Le coronavirus COVID-19 a été officiellement déclaré pandémie. L'économie a réagi par la panique et un « flight to quality », les pays durcissent leurs mesures de sécurité, et les autorités prennent toutes sortes de décisions, de l'annulation d'événements publics jusqu'au confinement total. Et dans ce chaos, une vidéo d'une conférence TED donnée par le philanthrope et magnat Bill Gates en 2015 a commencé à circuler. Il y explorait la menace latente des virus et bactéries, et a laissé un message percutant : « Nous ne sommes pas prêts pour la prochaine épidémie ».

Bill Gates a prédit le coronavirus en 2015 : « Nous ne sommes pas prêts »
Bill Gates

Qui est à blâmer ?

Une des questions que tout le monde se pose est évidemment « Qui est à blâmer ? ». Pouvons-nous parler de la Chine comme point d'origine ? Qu'en est-il des autres pays ? Et les protocoles conçus par les experts en santé ? Leur contenu a-t-il échoué, ou leur mise en œuvre ? Qu'en est-il des efforts de coordination ? Et des contradictions entre spécialistes ? D'un côté, des médecins disent que COVID-19 n'est pas si grave, qu'il n'est pas nécessaire d'accumuler des provisions ni de porter des masques, et de l'autre, on entend des médecins italiens qui appliquent littéralement un triage pour prioriser les soins de leurs patients.

La conférence TED de 2015

Et la Toile ne reste pas inactive. Elle cherche des précédents, explore des archives, repasse des vidéos. L'une d'elles fait déjà le tour des réseaux sociaux. Il s'agit d'une conférence TED que Bill Gates lui-même a donnée à Vancouver en mars 2015. Cette conférence a exactement cinq ans, et à l'époque, le monde était confronté à une autre menace, sous la forme d'une épidémie d'Ebola qui finira par tuer plus de 11 000 personnes :

(Note de la rédaction : Il y a des sous-titres en espagnol)
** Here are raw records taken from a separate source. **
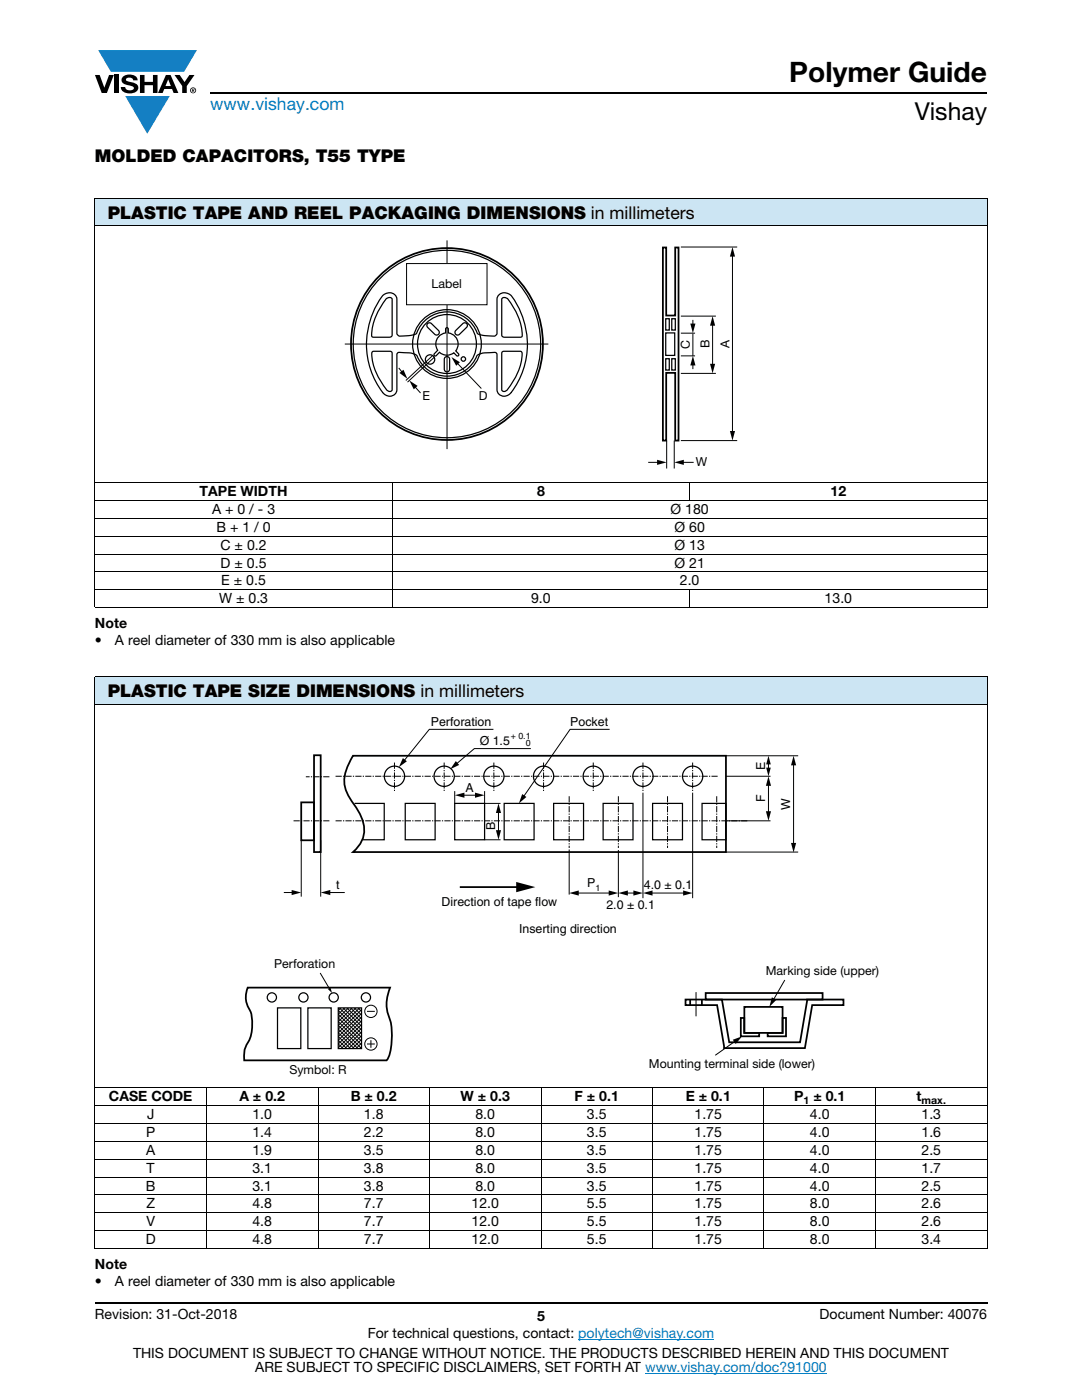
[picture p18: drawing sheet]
<svg xmlns="http://www.w3.org/2000/svg" width="216mm" height="279mm" viewBox="0 0 216 279" stroke-linecap="round" stroke-linejoin="round" font-family="sans-serif">
<defs><g id="words">
<text font-size="5.6" x="157.5" y="16.4">Polymer Guide</text>
<text font-size="4.9" x="182.5" y="24">Vishay</text>
<text font-size="3.5" fill="#007ec4" x="42" y="21.9">www.vishay.com</text>
<g font-size="3.5">
<text x="18.9" y="32.3">MOLDED CAPACITORS, T55 TYPE</text>
<text x="21.5" y="43.6">PLASTIC TAPE AND REEL PACKAGING DIMENSIONS in millimeters</text>
<text x="21.5" y="139.1">PLASTIC TAPE SIZE DIMENSIONS in millimeters</text>
</g>
<g font-size="2.8">
<text x="39.8" y="99">TAPE WIDTH</text>
<text x="107.2" y="99">8</text>
<text x="165.7" y="99">12</text>
<text x="42.3" y="102.6">A + 0 / - 3</text>
<text x="43.2" y="106.1">B + 1 / 0</text>
<text x="133.8" y="102.6">Ø 180</text>
<text x="134.6" y="106.1">Ø 60</text>
<text x="44" y="109.7">C ± 0.2</text>
<text x="44" y="113.3">D ± 0.5</text>
<text x="134.6" y="113.3">Ø 21</text>
<text x="134.6" y="109.7">Ø 13</text>
<text x="44.2" y="116.8">E ± 0.5</text>
<text x="135.7" y="116.8">2.0</text>
<text x="18.9" y="125.3">Note</text>
<text x="43.7" y="120.4">W ± 0.3</text>
<text x="106" y="120.4">9.0</text>
<text x="164.5" y="120.4">13.0</text>
<text x="18.9" y="128.8">•</text>
<text x="22.9" y="128.8">A reel diameter of 330 mm is also applicable</text>
<text x="21.7" y="219.8">CASE CODE</text>
<text x="47.8" y="219.8">A ± 0.2</text>
<text x="70" y="219.8">B ± 0.2</text>
<text x="91.9" y="219.8">W ± 0.3</text>
<text x="114.6" y="219.8">F ± 0.1</text>
<text x="136.8" y="219.8">E ± 0.1</text>
<text x="158.5" y="219.8">P</text>
<text x="162.3" y="219.8">± 0.1</text>
<text x="182.9" y="219.8">t</text>
<text x="29.2" y="226.9">P</text>
<text x="29.3" y="223.4">J</text>
<text x="50.4" y="226.9">1.4</text>
<text x="50.4" y="223.4">1.0</text>
<text x="72.6" y="226.9">2.2</text>
<text x="72.6" y="223.4">1.8</text>
<text x="94.9" y="226.9">8.0</text>
<text x="94.9" y="223.4">8.0</text>
<text x="117.1" y="226.9">3.5</text>
<text x="117.1" y="223.4">3.5</text>
<text x="138.6" y="226.9">1.75</text>
<text x="138.6" y="223.4">1.75</text>
<text x="161.6" y="226.9">4.0</text>
<text x="161.6" y="223.4">4.0</text>
<text x="183.9" y="226.9">1.6</text>
<text x="183.9" y="223.4">1.3</text>
<text x="29.2" y="230.5">A</text>
<text x="50.4" y="230.5">1.9</text>
<text x="72.6" y="230.5">3.5</text>
<text x="94.9" y="230.5">8.0</text>
<text x="117.1" y="230.5">3.5</text>
<text x="138.6" y="230.5">1.75</text>
<text x="161.6" y="230.5">4.0</text>
<text x="183.9" y="230.5">2.5</text>
<text x="29.1" y="237.6">B</text>
<text x="29.3" y="234.1">T</text>
<text x="50.4" y="234.1">3.1</text>
<text x="50.4" y="237.6">3.1</text>
<text x="72.6" y="234.1">3.8</text>
<text x="72.6" y="237.6">3.8</text>
<text x="94.9" y="234.1">8.0</text>
<text x="94.9" y="237.6">8.0</text>
<text x="117.1" y="234.1">3.5</text>
<text x="117.1" y="237.6">3.5</text>
<text x="138.6" y="234.1">1.75</text>
<text x="138.6" y="237.6">1.75</text>
<text x="161.6" y="234.1">4.0</text>
<text x="161.6" y="237.6">4.0</text>
<text x="183.9" y="234.1">1.7</text>
<text x="183.9" y="237.6">2.5</text>
<text x="29.2" y="241.2">Z</text>
<text x="29.2" y="244.8">V</text>
<text x="50.4" y="241.2">4.8</text>
<text x="50.4" y="244.8">4.8</text>
<text x="72.6" y="241.2">7.7</text>
<text x="72.6" y="244.8">7.7</text>
<text x="94.1" y="241.2">12.0</text>
<text x="94.1" y="244.8">12.0</text>
<text x="117.1" y="241.2">5.5</text>
<text x="117.1" y="244.8">5.5</text>
<text x="138.6" y="241.2">1.75</text>
<text x="138.6" y="244.8">1.75</text>
<text x="161.6" y="241.2">8.0</text>
<text x="161.6" y="244.8">8.0</text>
<text x="183.9" y="241.2">2.6</text>
<text x="183.9" y="244.8">2.6</text>
<text x="29.1" y="248.3">D</text>
<text x="50.4" y="248.3">4.8</text>
<text x="72.6" y="248.3">7.7</text>
<text x="94.1" y="248.3">12.0</text>
<text x="117.1" y="248.3">5.5</text>
<text x="138.6" y="248.3">1.75</text>
<text x="161.6" y="248.3">8.0</text>
<text x="183.9" y="248.3">3.4</text>
<text x="18.9" y="253.2">Note</text>
<text x="18.9" y="256.7">•</text>
<text x="22.9" y="256.7">A reel diameter of 330 mm is also applicable</text>
<text x="18.9" y="263.3">Revision: 31-Oct-2018</text>
<text x="107.2" y="263.6">5</text>
<text x="163.6" y="263.3">Document Number: 40076</text>
<text x="73.4" y="267.1">For technical questions, contact: polytech@vishay.com</text>
<text x="26.5" y="271">THIS DOCUMENT IS SUBJECT TO CHANGE WITHOUT NOTICE. THE PRODUCTS DESCRIBED HEREIN AND THIS DOCUMENT</text>
<text x="50.9" y="273.8">ARE SUBJECT TO SPECIFIC DISCLAIMERS, SET FORTH AT www.vishay.com/doc?91000</text>
</g>
<g font-size="2.5">
<text x="86.1" y="57.5">Label</text>
<text x="137.6" y="69.7" transform="rotate(-90 137.6 69.7)">C</text>
<text x="141.6" y="69.4" transform="rotate(-90 141.6 69.4)">B</text>
<text x="145.5" y="69.4" transform="rotate(-90 145.5 69.4)">A</text>
<text x="84.3" y="79.9">E</text>
<text x="95.5" y="79.9">D</text>
<text x="138.8" y="93">W</text>
<text x="86" y="144.9">Perforation</text>
<text x="95.7" y="148.6">Ø 1.5</text>
<text x="113.8" y="144.9">Pocket</text>
<text x="152.7" y="153.7" transform="rotate(-90 152.7 153.7)">E</text>
<text x="92.9" y="158.1">A</text>
<text x="152.7" y="160.1" transform="rotate(-90 152.7 160.1)">F</text>
<text x="157.7" y="161.6" transform="rotate(-90 157.7 161.6)">W</text>
<text x="98.8" y="165.6" transform="rotate(-90 98.8 165.6)">B</text>
<text x="67.1" y="177.5">t</text>
<text x="117.2" y="177">P</text>
<text x="128.5" y="177.4">4.0 ± 0.1</text>
<text x="88.1" y="180.7">Direction of tape flow</text>
<text x="121" y="181.4">2.0 ± 0.1</text>
<text x="103.6" y="186.2">Inserting direction</text>
<text x="54.7" y="193.3">Perforation</text>
<text x="152.8" y="194.5">Marking side (upper)</text>
<text x="57.7" y="214.3">Symbol: R</text>
<text x="129.5" y="213.1">Mounting terminal side (lower)</text>
</g>
<g font-size="2.1">
<text x="160.3" y="220.3">1</text>
<text x="183.9" y="220.3">max.</text>
</g>
<g font-size="1.8">
<text x="101.9" y="147.5">+ 0.1</text>
<text x="104.9" y="148.9">0</text>
<text x="118.8" y="177.7">1</text>
</g>
</g></defs>
<g fill="#147fc3">
<path d="M19.6 10h19.7l-2.6 4.3h-1.1h-13.5z"/>
<path d="M25 19.2h8.9l-4.5 7.5z"/>
</g>
<g fill="#000">
<path d="M18.9 15h1l.9 2.5 1-2.5h.9l-1.4 3.6h-1zM22.9 15h.9v3.6h-.9zM24.6 15.3a2.1 2.1 0 0 1 2.8 .3l.1 .4h-.9a.79 .79 0 0 0-.7-.5 .79 .79 0 0 0-.8 .4l.3 .3 1 .2a1.08 1.08 0 0 1 1.2 1 1.08 1.08 0 0 1-1.1 1.2 1.73 1.73 0 0 1-2.4-1.2h.9a.96 .96 0 0 0 .8 .6 .96 .96 0 0 0 .9-.4 1.31 1.31 0 0 0-1.2-.6 1.03 1.03 0 0 1-1.1-.6 1.03 1.03 0 0 1 .2-1.1zM27.9 15h.9v1.3h1.7v-1.3h.9v3.6h-.9v-1.6h-1.7v1.6h-.9zM34.8 15h1.1l.9 1.4 1-1.4h1l-1.5 2.2v1.4h-.9v-1.4z"/>
<path d="M33.6 15.9l.5 1.3h-1.1zM33.1 15l-1.6 3.6h1l.3-.8h1.5l.3 .8h1l-1.6-3.6z"/>
<path d="M38.4 17.8h.2v.2h-.2zM38.3 17.7v.7h.1v-.3l.4 .3-.2-.3 .2-.2-.1-.2z"/>
<path d="M38.1 18a.46 .46 0 0 1 .9 0 .46 .46 0 0 1-.9 0zM37.9 18a.6 .6 0 0 0 1.2 0 .6 .6 0 0 0-1.2 0z"/>
</g>
<path d="M42 18.6h155M18.9 260h178.1" fill="none" stroke="#000" stroke-width=".36"/>
<path d="M115.4 267.3h27.1M128.7 274h36.3" fill="none" stroke="#007ec4" stroke-width=".2"/>
<g fill="#cce5f3">
<path d="M18.9 39.5h178.1v5.5h-178.1z"/>
<path d="M18.9 135h178.1v5.5h-178.1z"/>
</g>
<g fill="none" stroke="#000" stroke-width=".2">
<path d="M18.9 39.5h178.1M18.9 39.6v81.6M197 39.6v81.6M18.9 45h178.1M18.9 96.3h178.1M18.9 99.9h178.1M78.3 96.2v25.1M137.6 96.2v3.8M18.9 103.4h178.1M18.9 107h178.1M18.9 110.6h178.1M18.9 114.1h178.1"/>
<path d="M18.9 117.7h178.1M137.6 117.6v3.7M18.9 121.3h178.1M18.9 135h178.1M18.9 135.1v114M197 135.1v114M18.9 140.5h178.1M18.9 217.1h178.1M41.2 217v32.3M63.5 217v32.3M85.7 217v32.3M107.9 217v32.3"/>
<path d="M130.2 217v32.3M152.4 217v32.3M174.7 217v32.3M18.9 220.7h178.1M18.9 224.2h178.1M18.9 227.8h178.1M18.9 231.4h178.1M18.9 234.9h178.1M18.9 238.5h178.1M18.9 242h178.1M18.9 245.6h178.1M18.9 249.2h178.1"/>
</g>
<path d="M68.8 48h78.3v45.5h-78.3z" fill="#fff"/>
<path d="M89.2 48v41.6" fill="none" stroke="#000" stroke-width=".2"/>
<circle cx="89.2" cy="68.7" r="19.1" fill="none" stroke="#000" stroke-width=".35"/>
<g fill="none" stroke="#000" stroke-width=".25">
<path d="M76.3 59.1a1.63 1.63 0 0 1 1.6-.6 1.63 1.63 0 0 1 1.3 1.2v6.9a.89 .89 0 0 0 1.2 .5 5.4 5.4 0 0 0 2.7-.6 6.4 6.4 0 0 1 6.1-4.3 6.4 6.4 0 0 1 6 4.3 6.2 6.2 0 0 0 3.7 .5l.3-.4v-6.9a1.6 1.6 0 0 1 1.2-1.3 1.6 1.6 0 0 1 1.7 .7 16.1 16.1 0 0 1-.1 19.2 1.53 1.53 0 0 1-1.6 .8 1.53 1.53 0 0 1-1.2-1.3l-.1-7.2a1.19 1.19 0 0 0-1.2-.2l-1.6 .1a1.58 1.58 0 0 0-1.5 1.3 6.4 6.4 0 0 1-6 3.3 6.4 6.4 0 0 1-5.6-4.1 6 6 0 0 0-3.5-.7l-.3 .1-.2 .4v7a1.52 1.52 0 0 1-1.2 1.3 1.52 1.52 0 0 1-1.6-.8 16.1 16.1 0 0 1-.1-19.2zM77.1 59.6l.1-.1a.65 .65 0 0 1 1 .2v7.2a.67 .67 0 0 1-.8 .4h-2.8l-.4-.1a11.7 11.7 0 0 1 2.9-7.6zM100.2 59.5a.81 .81 0 0 1 1.1 .1 11.7 11.7 0 0 1 2.9 7.6l-.4 .1h-2.8a.67 .67 0 0 1-.9-.4zM74.3 70.2l3.5-.1 .4 .2v7.5a.62 .62 0 0 1-.5 .3 .62 .62 0 0 1-.6-.3 11.7 11.7 0 0 1-2.9-7.4zM85.3 64.6l.3-.2 .5 .2 1.4 1.4a.54 .54 0 0 1 0 .7 .54 .54 0 0 1-.7 0l-1.5-1.4-.1-.2zM88.9 71.2a.54 .54 0 0 1 .8 .5v2a.53 .53 0 0 1-.5 .5 .53 .53 0 0 1-.5-.5v-2zM89.1 65.4l.3 .1 .1 .9a2.22 2.22 0 0 1 1.4 3.6l.6 .6v.4h-.4l-.5-.6a2.22 2.22 0 0 1-2.9-.1l-.6 .7h-.4v-.4l.6-.7a2.22 2.22 0 0 1 1.6-3.5v-.7zM90.9 66l1.5-1.4a.53 .53 0 0 1 .7 0 .53 .53 0 0 1 0 .7l-1.4 1.4a.54 .54 0 0 1-.8 0 .54 .54 0 0 1 0-.7zM100.2 70.3l.4-.2h2.3a1.06 1.06 0 0 1 1.3 .3 11.7 11.7 0 0 1-3.4 7.7h-.4l-.3-.3z"/>
<circle cx="85.8" cy="71.7" r=".94"/>
<circle cx="89.2" cy="68.7" r="18.7"/>
<circle cx="89.2" cy="68.7" r="6.9"/>
<circle cx="89.2" cy="68.7" r="5.9"/>
<circle cx="92.5" cy="71.6" r=".45"/>
</g>
<path d="M81.1 52.6h16.1v8.2h-16.1z" fill="#fff"/>
<g fill="none" stroke="#000" stroke-width=".2">
<path d="M81.1 52.6h16.1v8.2h-16.1zM135.9 49.3h11.2M146.2 50.9v35.5M68.8 68.7h40.6M79.6 73.4l.7 1M82.7 77.1l1.2 1.3M86.4 70.9l-5.4 5M86.7 71.3l-5.4 5M91.2 72.4l4.8 5.1M135.9 71h2.8M135.9 66.5h2.8M135.9 74.5h6.9"/>
<path d="M135.9 63.1h6.9M138.3 63.8v1.1M138.3 66.6v4.4M138.3 72.6v1.1M142.2 64.7v8.3M129.3 92.3h2.2M133 87.9v5.6M134.5 87.9v5.6M135.9 87.9h11.2M136.1 92.3h2.3"/>
</g>
<path d="M146.2 49.3l.5 1.9h-1.1zM79.7 74.4l.8-.6 .8 1.8zM81.7 75.9l1.6 1.1-.7 .7zM90.1 71.3l1.7 1-.8 .7zM138.3 71l.5 1.9h-1.1zM137.7 64.6h1.1l-.5 1.9zM142.2 63.1l.5 1.9h-1zM141.7 72.6h1l-.5 1.9zM131.1 91.8l1.9 .5-1.9 .5zM134.5 92.3l2-.5v1zM145.6 86h1.1l-.5 1.9z" fill="#000"/>
<path d="M132.3 49.4h.6v13.6h1.8v-13.6h.7v38.5h-.7v-13.5h-1.8v13.5h-.6z" fill="none" stroke="#000" stroke-width=".35"/>
<path d="M132.8 63.6h.7v2.3h-.7zM132.8 71.6h.7v2.3h-.7zM132.8 66.4h1.8v4.5h-1.8zM134 63.6h.8v2.3h-.8zM134 71.6h.8v2.3h-.8z" fill="none" stroke="#000" stroke-width=".25"/>
<path d="M56.6 142.8h102.7v43.9h-102.7z" fill="#fff"/>
<path d="M62.7 150.7h1.3v19.3h-1.3zM70.4 150.8h74.5v19.2h-74.5a5.7 5.7 0 0 0 1.4-7.6l-1.2-1.9a6.8 6.8 0 0 1-1.2-7.5zM60.1 160.1h2.6v7.6h-2.6zM91.7 177h12" fill="none" stroke="#000" stroke-width=".35"/>
<g fill="none" stroke="#000" stroke-width=".25">
<path d="M70.7 160.3h6v7.3h-4.3M80.9 160.3h5.9v7.3h-5.9zM90.7 160.3h6v7.3h-6zM100.6 160.3h6v7.3h-6zM110.5 160.3h5.9v7.3h-5.9zM120.3 160.3h6v7.3h-6zM130.2 160.3h6v7.3h-6zM140.1 160.3h4.8v7.3h-4.8z"/>
<circle cx="78.7" cy="154.9" r="2.02"/>
<circle cx="88.6" cy="154.9" r="2.02"/>
<circle cx="98.5" cy="154.9" r="2.02"/>
<circle cx="108.5" cy="154.9" r="2.02"/>
<circle cx="118.4" cy="154.9" r="2.02"/>
<circle cx="128.3" cy="154.9" r="2.02"/>
<circle cx="138.2" cy="154.9" r="2.02"/>
</g>
<g fill="none" stroke="#000" stroke-width=".2" stroke-dasharray="1.2 .2 .2 .2" stroke-linecap="butt">
<path d="M65.7 155h-4.7M67 154.9h76.4M78.7 152.2v5.7M88.6 152.2v5.7M98.5 152.2v5.7M108.5 152.2v5.7M113.6 158.9v10.3M118.4 152.2v5.7M123.4 158.9v10.3M128.3 152.2v5.7M133.2 158.9v10.3M138.2 152.2v5.7"/>
<path d="M143 158.9v10.3M65.7 163.8h-7.1M67 163.8h82.1"/>
</g>
<g fill="none" stroke="#000" stroke-width=".2">
<path d="M90.7 157.9v2.4M92.3 158.7h2.8M96.7 157.9v2.4h3.2M98.5 145.6h-12.8l-5.1 6.3M105.9 149.4h-11.3l-3.6 3.1M121.6 145.6h-7.8l-9.4 13.5M128.3 158.2v21.1M138.2 158.2v21.1M144.9 154.9h8.8M144.9 150.8h14.4M153.3 152.2v1.3M153.3 156.5v5.8"/>
<path d="M158.3 152.4v16.2M56.6 178.1h1.9M60.1 167.7v11.2M64 167.7v11.2M65.6 178.1h3.2M96.7 167.6h3.2M99.5 161.9v4.1M113.6 169.5v9M115.1 178.2h6.7M123.4 169.6v9.4M124.9 178.2h1.8M129.9 178.2h6.8"/>
<path d="M144.9 163.8h8.8M144.9 170h14.4"/>
</g>
<g fill="#000">
<path d="M80.4 151.3l.8 .6-1.6 1.2zM91 151.9l.6 .8-1.8 .8zM90.8 158.7l1.9-.5v1zM94.8 158.2l1.9 .5-1.9 .5zM104.2 158.5l.8 .6-1.5 1.2zM153.3 154.9l.6 1.9h-1.1zM153.3 150.8l.5 1.8h-.9zM152.9 153.2h.9l-.5 1.7zM158.3 150.8l.6 1.9h-1.1zM58.2 177.6l1.9 .5-1.9 .5zM64 178.1l1.9-.5v1zM99.5 160.3l.5 1.9h-1z"/>
<path d="M99 165.7h1l-.5 1.9zM103 176l3.8 1-3.8 1.1zM113.6 178.2l1.9-.5v1zM121.5 177.7l1.9 .5-1.9 .5zM123.4 178.2l1.9-.5v1zM126.4 177.7l1.9 .5-1.9 .5zM128.3 178.2l1.9-.5v1zM136.3 177.7l1.9 .5-1.9 .5zM152.8 161.9h1.1l-.6 1.9zM157.8 168.2h1.1l-.6 1.9z"/>
</g>
<path d="M48.5 191.2h29.9v23.7h-29.9z" fill="#fff"/>
<g fill="none" stroke="#000" stroke-width=".25">
<path d="M55.4 201.1h4.6v8.2h-4.6zM61.4 201.1h4.7v8.2h-4.7zM67.5 201.1h4.6v8.2h-4.6z"/>
<circle cx="54.2" cy="199.1" r=".92"/>
<circle cx="60.5" cy="199.1" r=".92"/>
<circle cx="66.6" cy="199.1" r=".92"/>
<circle cx="73" cy="199.1" r=".92"/>
</g>
<g fill="none" stroke="#000" stroke-width=".2">
<path d="M63.9 194.2l1.9 3.2M67.4 201.6l4.8 4.8M67.4 202.3l4.8 4.8M67.4 203.1l4.8 4.7M67.4 203.8l4.8 4.8M67.4 204.6l4.8 4.7M67.4 205.3l4.1 4.1M67.4 206l3.4 3.4M67.4 206.8l2.6 2.6M67.4 207.5l1.9 1.9M67.4 208.3l1.1 1.1M67.4 209l.4 .4"/>
<path d="M67.7 201.1l4.5 4.5M68 201.1l-.6 .6M68.5 201.1l3.7 3.8M68.8 201.1l-1.4 1.4M69.2 201.1l3 3M69.5 201.1l-2.1 2.1M69.9 201.1l2.3 2.3M70.3 201.1l-2.9 2.9M70.7 201.1l1.5 1.5M71 201.1l-3.6 3.6M71.4 201.1l.8 .8M71.8 201.1l-4.4 4.4"/>
<path d="M72.2 201.4l-4.8 4.8M72.2 202.2l-4.8 4.7M72.2 202.9l-4.8 4.8M72.2 203.7l-4.8 4.7M72.2 204.4l-4.8 4.8M72.2 205.2l-4.2 4.2M72.2 205.9l-3.5 3.5M72.2 206.6l-2.7 2.8M72.2 207.4l-2 2M72.2 208.1l-1.3 1.3M72.2 208.9l-.5 .5M73.2 208.4h1.6"/>
<path d="M73.2 201.8h1.6M74 207.6v1.5"/>
<circle cx="74" cy="201.8" r="1.23"/>
<circle cx="74" cy="208.4" r="1.23"/>
</g>
<path d="M49.4 197.1h28.4a7.9 7.9 0 0 0 .1 6.7 14.5 14.5 0 0 1-.4 7.3l-.4 .5h-28.4v-1.5a4.4 4.4 0 0 1 .9-2.2 8 8 0 0 0-.4-7.6 4.8 4.8 0 0 1 .2-3.2z" fill="none" stroke="#000" stroke-width=".35"/>
<path d="M65.4 197.4l.5-.3 .4 1.1z" fill="#000"/>
<path d="M129.5 192.5h45.9v21.1h-45.9z" fill="#fff"/>
<path d="M138.9 198v4.8M156.6 195.6l-2.3 4M146.8 207.7l-4.1 2.9" fill="none" stroke="#000" stroke-width=".2"/>
<path d="M154 199l.9 .5-1.4 1.5zM146.2 207.5l1.9-.7-1.3 1.5z" fill="#000"/>
<path d="M136.8 199.5h7.3l1.4 8.5h14.1l1.4-8.5h7.3v1.1h-6.2l-1.5 8.6h-16.1l-1.4-8.6h-6.3zM137.7 199.5v1.2M140.1 199.5v1.2M140.8 198.2h23.3v1.3h-23.3zM147.8 203.2h.7v2.9h3v.7h-3.7zM148.5 200.9h7.7v5.2h-7.7zM156.2 203.2h.6v3.6h-3.6v-.7h3z" fill="none" stroke="#000" stroke-width=".35"/>
<use href="#words"/>
</svg>

Gates commence la conférence par une anecdote, et deux boîtes géantes de provisions : quand il était petit, la « panique » du public se concentrait sur la possibilité d'une guerre nucléaire. Mais au cours des dernières décennies, les gouvernements les plus puissants du monde ont investi des fortunes dans des mécanismes de dissuasion. Le concept de « destruction mutuelle assurée » a évité l'échange atomique. Cependant, ces gouvernements n'ont pas montré le même intérêt face à un hypothétique apocalypse viral. Bill Gates explique au début de sa conférence que si « quelque chose » tue 10 millions de personnes dans la prochaine décennie, ce ne seront pas des missiles, mais des microbes.

Citant le cas d'Ebola, Gates a dit que le problème n'était pas « une défaillance du système », mais qu'« il n'y avait pas de système » directement. Les rapports étaient faits sur papier, mettaient longtemps à être numérisés et arrivaient pleins d'erreurs. Médecins Sans Frontières a fait un bon travail avec ses volontaires, mais cet effort a été insuffisant. Il n'y avait pas d'outils, ni de stratégie commune pour lancer des traitements. Une épidémie à grande échelle pourrait exiger des centaines de milliers de travailleurs en action. L'Organisation mondiale de la santé a des fonds pour surveiller les épidémies, mais pas pour déployer ces ressources vitales.

https://old.neoteo.com/coronavirus-mapa-interactivo-de-infecciones/

En résumé, nous avons eu de la chance avec Ebola (la nature même du virus a limité sa propagation), mais la prochaine fois, cette chance pourrait s'épuiser. Bill Gates a présenté dans la conférence un modèle basé sur la Grippe espagnole de 1918… qui tue 30 millions de personnes en moins d'un an. Cependant, il a aussi dit que nous avons la capacité de construire un système de réponse solide, avec un énorme soutien technologique, la communication portable, les cartes satellites, les ressources biologiques, et bien plus encore. Il a recommandé des « jeux de germes », des simulations similaires aux « jeux de guerre » que de nombreuses forces mènent autour du globe, et un lien étroit entre les forces médicales et militaires, pour atteindre rapidement et en sécurité les endroits les plus compromis.

Pour terminer, Bill Gates a avancé un chiffre : trois billions de dollars (nos billions) estimés par la Banque mondiale comme perte en cas d'épidémie de grippe à grande échelle. Il a également ajouté qu'« il n'est pas nécessaire de paniquer », mais qu'« il fallait commencer maintenant, car le temps n'est pas de notre côté ». Vu ce qui s'est passé avec le coronavirus, on pourrait arriver à une conclusion : nous n'avons jamais commencé.